This article first appeared in the St. Louis Beacon, July 5, 2012 - When a major holiday falls on a Wednesday, productivity suffers. With the work week reduced by one shift and cleanly bisected, each remaining workday is effectively either a Thursday or a Friday because you’re never more than 48 hours away from a day off. A festive atmosphere thus tends to prevail even in stodgy confines.

Surrendering to the temptation to screw off, I decided to farm this week’s column out to Raymond Chandler’s signature detective, Philip Marlowe. He’s done some work for me in the past that yielded rather interesting results, including the discovery that Sarah Palin and Michele Bachmann were former Stepford Wives who had been reprogrammed to pursue global domination.

This time, I asked him to check out the rumor that Mitt Romney is an android. Here’s his report:

Something about this guy didn’t add up, but I couldn’t quite put my finger on just what it was. David Letterman has compared him to the man in the underwear ads and I can’t come up with a better description.

You know the guy I mean — he’s standing there with a broad smile, hands akimbo, in full-color glory inside the advertising section of your Sunday paper. Hair perfectly coiffed and jaw squared, it doesn’t seem to bother him at all that he’s visiting the breakfast tables of total strangers clad only in white cotton briefs and matching tee shirt, which is invariably tucked neatly into the elastic waistband of his skivvies.

Meanwhile, you’re sitting there unshaven and hung over, nursing a butt and a cup of joe, wondering where in hell they find these people. Like the underwear guy, Romney comes across as inappropriately wholesome.

And though his public pose is reliably robust, his core values are surprisingly flexible. In fact, Mitt seems to be made of political anti-matter because he’s spent the last year campaigning against his former self.

Once a pro-choice moderate who was sympathetic to reasonable gun control, he’s now a pro-life poster boy for the NRA who describes himself as “severely conservative.” As of this writing, he’s vigorously attacking the health care plan he designed.

Apparently, the only position that he hasn’t changed since entering public life is his belief that he should hold high office. It’s a hoot that he’s running as a Washington outsider because the only thing that’s ever kept him out of D.C. was the electorate. Had he won the Senate seat he sought in ’94 or the presidential nomination he ran for in ‘08, he’d be the consummate Beltway insider by now.

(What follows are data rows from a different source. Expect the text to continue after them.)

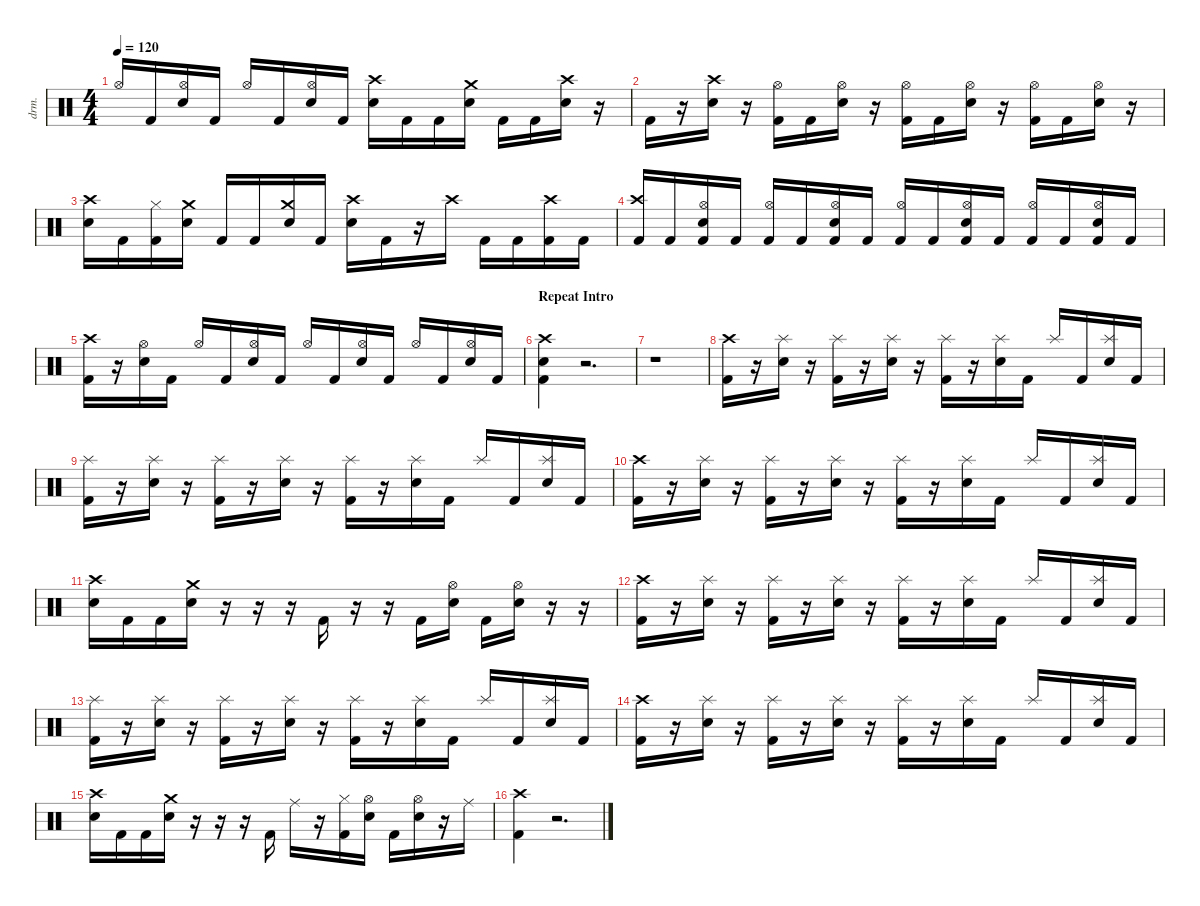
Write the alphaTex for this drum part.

\defaultSystemsLayout 4
\hideDynamics
\bracketExtendMode nobrackets
\track ("Drums" "drm.") {instrument percussion}
\staff {score}
\articulation defaults
\ts (4 4)
\tempo 120
\clef neutral
\ks c "Hi-Hat (open)".16{dy fff beam Up} "Kick (hit) 2".16{dy f beam Up}
("Hi-Hat (open)" "Snare (hit) 2").16{dy fff beam Up} "Kick (hit) 2".16{dy f beam Up} "Hi-Hat (open)".16{dy fff beam Up} "Kick (hit) 2".16{dy f beam Up} ("Hi-Hat (open)" "Snare (hit) 2").16{dy fff beam Up} "Kick (hit) 2".16{dy f beam Up} ("Crash high (hit)" "Snare (hit) 2").16{dy fff beam Down} "Kick (hit) 2".16{dy f beam Down} "Kick (hit) 2".16{beam Down} ("Crash medium (hit)" "Snare (hit) 2").16{dy fff beam Down} "Kick (hit) 2".16{dy f beam Down} "Kick (hit) 2".16{beam Down} ("Crash high (hit)" "Snare (hit) 2").16{dy fff beam Down} r.16{beam Down} |
"Kick (hit) 2".16{dy f beam Down} r.16{beam Down} ("Crash high (hit)" "Snare (hit) 2").16{dy fff beam Down} r.16{beam Down} ("Hi-Hat (open)" "Kick (hit) 2").16{beam Down} "Kick (hit) 2".16{dy f beam Down} ("Hi-Hat (open)" "Snare (hit) 2").16{dy fff beam Down} r.16{beam Down} ("Hi-Hat (open)" "Kick (hit) 2").16{beam Down} "Kick (hit) 2".16{dy f beam Down} ("Hi-Hat (open)" "Snare (hit) 2").16{dy fff beam Down} r.16{beam Down} ("Hi-Hat (open)" "Kick (hit) 2").16{beam Down} "Kick (hit) 2".16{dy f beam Down} ("Hi-Hat (open)" "Snare (hit) 2").16{dy fff beam Down} r.16{beam Down} |
("Crash high (hit)" "Snare (hit) 2").16{beam Down} "Kick (hit) 2".16{dy f beam Down} ("Hi-Hat (closed)" "Kick (hit) 2").16{dy fff beam Down} ("Crash medium (hit)" "Snare (hit) 2").16{beam Down} "Kick (hit) 2".16{dy f beam Up} "Kick (hit) 2".16{beam Up} ("Crash medium (hit)" "Snare (hit) 2").16{dy fff beam Up} "Kick (hit) 2".16{dy f beam Up} ("Crash high (hit)" "Snare (hit) 2").16{dy fff beam Down} "Kick (hit) 2".16{dy f beam Down} r.16{beam Down} "Crash high (hit)".16{beam Down} "Kick (hit) 2".16{beam Down} "Kick (hit) 2".16{beam Down} ("Crash high (hit)" "Kick (hit) 2").16{dy fff beam Down} "Kick (hit) 2".16{dy f beam Down} |
("Crash high (hit)" "Kick (hit) 2").16{dy fff beam Up} "Kick (hit) 2".16{dy f beam Up} ("Hi-Hat (open)" "Snare (hit) 2" "Kick (hit) 2").16{dy fff beam Up} "Kick (hit) 2".16{dy f beam Up} ("Hi-Hat (open)" "Kick (hit) 2").16{dy fff beam Up} "Kick (hit) 2".16{dy f beam Up} ("Hi-Hat (open)" "Snare (hit) 2" "Kick (hit) 2").16{dy fff beam Up} "Kick (hit) 2".16{dy f beam Up} ("Hi-Hat (open)" "Kick (hit) 2").16{dy fff beam Up} "Kick (hit) 2".16{dy f beam Up} ("Hi-Hat (open)" "Snare (hit) 2" "Kick (hit) 2").16{dy fff beam Up} "Kick (hit) 2".16{dy f beam Up} ("Hi-Hat (open)" "Kick (hit) 2").16{dy fff beam Up} "Kick (hit) 2".16{dy f beam Up} ("Hi-Hat (open)" "Snare (hit) 2" "Kick (hit) 2").16{dy fff beam Up} "Kick (hit) 2".16{dy f beam Up} |
("Crash high (hit)" "Kick (hit) 2").16{dy fff beam Down} r.16{beam Down} ("Hi-Hat (open)" "Snare (hit) 2").16{beam Down} "Kick (hit) 2".16{dy f beam Down} "Hi-Hat (open)".16{dy fff beam Up} "Kick (hit) 2".16{dy f beam Up} ("Hi-Hat (open)" "Snare (hit) 2").16{dy fff beam Up} "Kick (hit) 2".16{dy f beam Up} "Hi-Hat (open)".16{dy fff beam Up} "Kick (hit) 2".16{dy f beam Up} ("Hi-Hat (open)" "Snare (hit) 2").16{dy fff beam Up} "Kick (hit) 2".16{dy f beam Up} "Hi-Hat (open)".16{dy fff beam Up} "Kick (hit) 2".16{dy f beam Up} ("Hi-Hat (open)" "Snare (hit) 2").16{dy fff beam Up} "Kick (hit) 2".16{dy f beam Up} |
\section ("" "Repeat Intro")
("Crash high (hit)" "Snare (hit) 2" "Kick (hit) 2").4{dy fff beam Down} r.2{d beam Down} |
r.1{beam Down} |
("Crash high (hit)" "Kick (hit) 2").16{beam Down} r.16{beam Down} ("Splash (hit)" "Snare (hit) 2").16{beam Down} r.16{beam Down} ("Splash (hit)" "Kick (hit) 2").16{beam Down} r.16{beam Down} ("Splash (hit)" "Snare (hit) 2").16{beam Down} r.16{beam Down} ("Splash (hit)" "Kick (hit) 2").16{beam Down} r.16{beam Down} ("Splash (hit)" "Snare (hit) 2").16{beam Down} "Kick (hit) 2".16{dy f beam Down} "Splash (hit)".16{dy fff beam Up} "Kick (hit) 2".16{dy f beam Up} ("Splash (hit)" "Snare (hit) 2").16{dy fff beam Up} "Kick (hit) 2".16{dy f beam Up} |
("Splash (hit)" "Kick (hit) 2").16{dy fff beam Down} r.16{beam Down} ("Splash (hit)" "Snare (hit) 2").16{beam Down} r.16{beam Down} ("Splash (hit)" "Kick (hit) 2").16{beam Down} r.16{beam Down} ("Splash (hit)" "Snare (hit) 2").16{beam Down} r.16{beam Down} ("Splash (hit)" "Kick (hit) 2").16{beam Down} r.16{beam Down} ("Splash (hit)" "Snare (hit) 2").16{beam Down} "Kick (hit) 2".16{dy f beam Down} "Splash (hit)".16{dy fff beam Up} "Kick (hit) 2".16{dy f beam Up} ("Splash (hit)" "Snare (hit) 2").16{dy fff beam Up} "Kick (hit) 2".16{dy f beam Up} |
("Crash high (hit)" "Kick (hit) 2").16{dy fff beam Down} r.16{beam Down} ("Splash (hit)" "Snare (hit) 2").16{beam Down} r.16{beam Down} ("Splash (hit)" "Kick (hit) 2").16{beam Down} r.16{beam Down} ("Splash (hit)" "Snare (hit) 2").16{beam Down} r.16{beam Down} ("Splash (hit)" "Kick (hit) 2").16{beam Down} r.16{beam Down} ("Splash (hit)" "Snare (hit) 2").16{beam Down} "Kick (hit) 2".16{dy f beam Down} "Splash (hit)".16{dy fff beam Up} "Kick (hit) 2".16{dy f beam Up} ("Splash (hit)" "Snare (hit) 2").16{dy fff beam Up} "Kick (hit) 2".16{dy f beam Up} |
("Crash high (hit)" "Snare (hit) 2").16{dy fff beam Down} "Kick (hit) 2".16{dy f beam Down} "Kick (hit) 2".16{beam Down} ("Crash medium (hit)" "Snare (hit) 2").16{dy fff beam Down} r.16{beam Down} r.16{beam Down} r.16{beam Down} "Kick (hit) 2".16{dy f beam Up} r.16{beam Down} r.16{beam Down} "Kick (hit) 2".16{beam Down} ("Hi-Hat (open)" "Snare (hit) 2").16{dy fff beam Down} "Kick (hit) 2".16{dy f beam Down} ("Hi-Hat (open)" "Snare (hit) 2").16{dy fff beam Down} r.16{beam Down} r.16{beam Down} |
("Crash high (hit)" "Kick (hit) 2").16{beam Down} r.16{beam Down} ("Splash (hit)" "Snare (hit) 2").16{beam Down} r.16{beam Down} ("Splash (hit)" "Kick (hit) 2").16{beam Down} r.16{beam Down} ("Splash (hit)" "Snare (hit) 2").16{beam Down} r.16{beam Down} ("Splash (hit)" "Kick (hit) 2").16{beam Down} r.16{beam Down} ("Splash (hit)" "Snare (hit) 2").16{beam Down} "Kick (hit) 2".16{dy f beam Down} "Splash (hit)".16{dy fff beam Up} "Kick (hit) 2".16{dy f beam Up} ("Splash (hit)" "Snare (hit) 2").16{dy fff beam Up} "Kick (hit) 2".16{dy f beam Up} |
("Splash (hit)" "Kick (hit) 2").16{dy fff beam Down} r.16{beam Down} ("Splash (hit)" "Snare (hit) 2").16{beam Down} r.16{beam Down} ("Splash (hit)" "Kick (hit) 2").16{beam Down} r.16{beam Down} ("Splash (hit)" "Snare (hit) 2").16{beam Down} r.16{beam Down} ("Splash (hit)" "Kick (hit) 2").16{beam Down} r.16{beam Down} ("Splash (hit)" "Snare (hit) 2").16{beam Down} "Kick (hit) 2".16{dy f beam Down} "Splash (hit)".16{dy fff beam Up} "Kick (hit) 2".16{dy f beam Up} ("Splash (hit)" "Snare (hit) 2").16{dy fff beam Up} "Kick (hit) 2".16{dy f beam Up} |
("Crash high (hit)" "Kick (hit) 2").16{dy fff beam Down} r.16{beam Down} ("Splash (hit)" "Snare (hit) 2").16{beam Down} r.16{beam Down} ("Splash (hit)" "Kick (hit) 2").16{beam Down} r.16{beam Down} ("Splash (hit)" "Snare (hit) 2").16{beam Down} r.16{beam Down} ("Splash (hit)" "Kick (hit) 2").16{beam Down} r.16{beam Down} ("Splash (hit)" "Snare (hit) 2").16{beam Down} "Kick (hit) 2".16{dy f beam Down} "Splash (hit)".16{dy fff beam Up} "Kick (hit) 2".16{dy f beam Up} ("Splash (hit)" "Snare (hit) 2").16{dy fff beam Up} "Kick (hit) 2".16{dy f beam Up} |
("Crash high (hit)" "Snare (hit) 2").16{dy fff beam Down} "Kick (hit) 2".16{dy f beam Down} "Kick (hit) 2".16{beam Down} ("Crash medium (hit)" "Snare (hit) 2").16{dy fff beam Down} r.16{beam Down} r.16{beam Down} r.16{beam Down} "Kick (hit) 2".16{dy f beam Up} "Ride (middle)".16{dy fff beam Down} r.16{beam Down} ("Hi-Hat (closed)" "Kick (hit) 2").16{beam Down} ("Hi-Hat (open)" "Snare (hit) 2").16{beam Down} "Kick (hit) 2".16{dy f beam Down} ("Hi-Hat (open)" "Snare (hit) 2").16{dy fff beam Down} r.16{beam Down} "Ride (middle)".16{beam Down} |
("Crash high (hit)" "Kick (hit) 2").4{beam Down} r.2{d beam Down}

I was tempted to dismiss him as another opportunistic political hack whose chief qualification for public office was his professed dislike of government. But this guy had made a fortune playing the high-stakes poker of venture capitalism and had shown some genuine ability by pulling the IOC’s bacon from the fire and salvaging the ’02 Olympics. There had to be something inside this seemingly empty suit.

Mulling the enigma over a jigger of Jack in a dark little dive near my office, I’d just made meaningful eye contact with a redhead who’d seen better days when it dawned on me that to figure out Romney, you had to first understand his adversary.

He’s like a reverse chameleon that changes its colors not to blend in, but to distinguish itself from its foe. He’d spent the primary season campaigning against the moderate Republican he used to be; now with the nomination at hand, it’s time to transform into the anti-Obama.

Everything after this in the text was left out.